John R Walker
John R Walker completed two degrees at Edinburgh before going on to have a fascinating career at the Foreign and Commonwealth Office. He tell us more.
Name | John R Walker |
Degree Course | Politics And Modern History; PhD Politics Department |
Year of Graduation |
1982, 1987 |
Your time at the University
My uncle had been to Edinburgh to study law, and when I was younger that was something that I wanted to do as well. However, I changed my mind about a law degree but stuck with my ambition of coming to Edinburgh where I ended up for both my undergraduate and postgraduate degrees in modern history and politics.
As for summer jobs, I had the same one between the time I left school and into my postgraduate years – a green keeper at the local golf course for about 10 to 12 weeks where we routinely started work at 5.30am and sometimes even earlier at weekends in high summer – not that we really have high summer in Scotland!
I was a member of the University’s Railway Society and we managed to convince British Rail to name one of its class 47 locomotives ‘The University of Edinburgh’ to mark the 400th anniversary of the founding of the University. Much later on when the loco had been withdrawn I had a chance to buy one of the nameplates that was on sale at Collectors’ Corner at Euston station, but I hesitated and the opportunity was gone.
Make the most of your time at Edinburgh – work hard and play hard as that will set you up well for life.
Tell us about your experiences since leaving the University
I was two and a half years into my PhD on British Attitudes to Nuclear Proliferation 1952-1982 when I spotted an advert for a three year senior research officer post in the Foreign and Commonwealth Office’s Arms Control and Disarmament Research Unit – there was a prospect of a further two years, but at that stage I planned to pursue an academic career and thought that a few years’ experience working at the coalface would be ideal and be extremely valuable later for securing a post at a university researching and teaching strategic studies. So I applied without any great expectation.
To my great surprise I was appointed to the FCO post and then spent the first year working evenings and weekends to finish my PhD. The FCO seemed to like me enough to offer a two year extension and then, even better, the post was made a permanent one when I was half way through my fourth year. By this time working in the FCO was always proving much more interesting than going back to academia.
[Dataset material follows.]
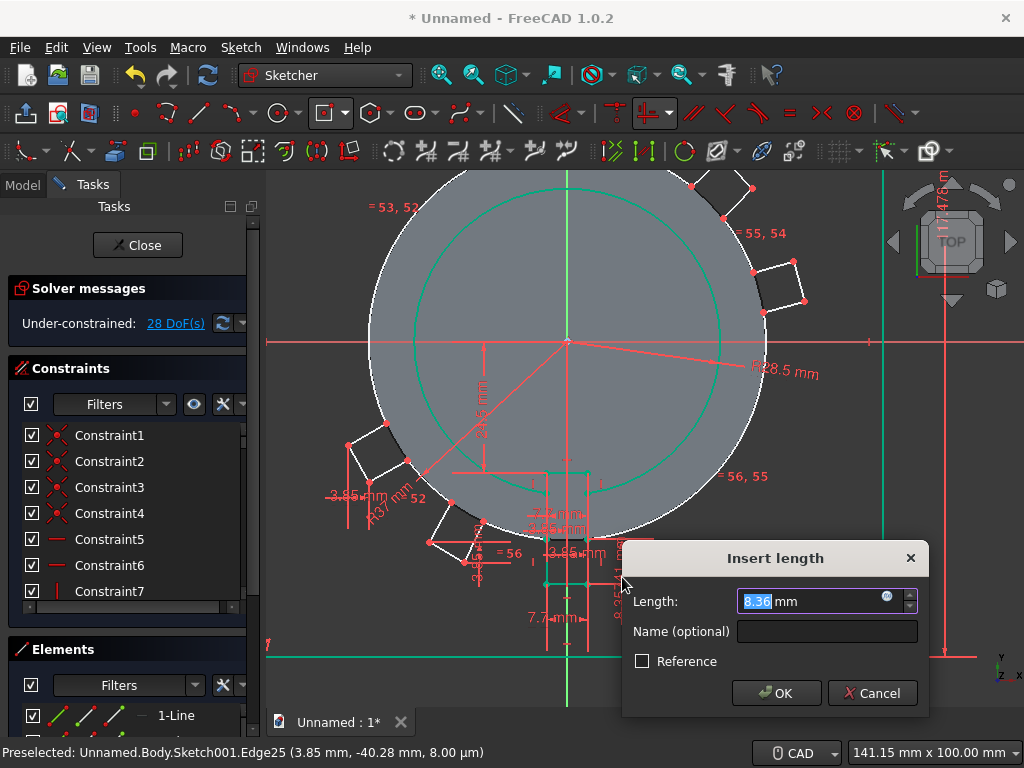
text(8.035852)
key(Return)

And some 32 years later I’m still there, but now as the Head of the Arms Control and Disarmament Research Unit. Working on the inside on nuclear, chemical and biological weapons arms control has been fascinating, rewarding and at times deeply frustrating – it has been good fun too. Being at the centre of negotiations in Geneva, The Hague and Vienna, drafting and presenting UK national working papers as well as conducting historical research into arms control history and Britain’s own nuclear, biological, chemical weapons programmes has been, and remains, a truly satisfying experience. Despite being a serving FCO official I’ve managed to publish two books on arms control history, which was a career high point: 'British Nuclear Weapons and the Test Ban 1954-1973' and 'Britain and Disarmament: The UK and Nuclear, Biological and Chemical Weapons Arms Control and Programmes 1956-1975'.
But perhaps the most personally challenging events and most significant were my participation in the Comprehensive Nuclear Test Ban Treaty’s major on-site inspection exercises in 2008 at the former Soviet nuclear test site at Semipalatinsk, Kazakhstan, where I played the role of the surrogate inspected state party representative; and in 2014 in the even larger exercise in Jordan where I led the external evaluation team. In Kazakhstan we lived for a month in a tented camp on the edge of the ‘Polygon’ – the Soviet era name for the test site; the weather was unseasonably bad and for a short while it seemed more of a survival than an on-site inspection exercise. Despite that I would not have missed the opportunity and would happily do it all again.
This experience also shows how things can change, which as someone who started off as an historian is good to witness from first-hand experience. When I joined the FCO in March 1985 the Cold War was still under way with no end in sight, the UK did not favour a test ban treaty at that time and any notion that Western experts would have access to the Soviet nuclear test site would have been dismissed as fantasy. Over 20 years later there we were a multinational group of experts camped by the test site making a series of scientific observations and measurements. On the way back from the exercise we spent a few days in the formerly closed city of Kurchatov. As the ‘head’ of the inspected state party team in the exercise our hosts put me up in a dacha that was used by the test directors when the Polygon was active – you couldn’t make it up!
Alumni wisdom
Make the most of your time at Edinburgh – work hard and play hard as that will set you up well for life.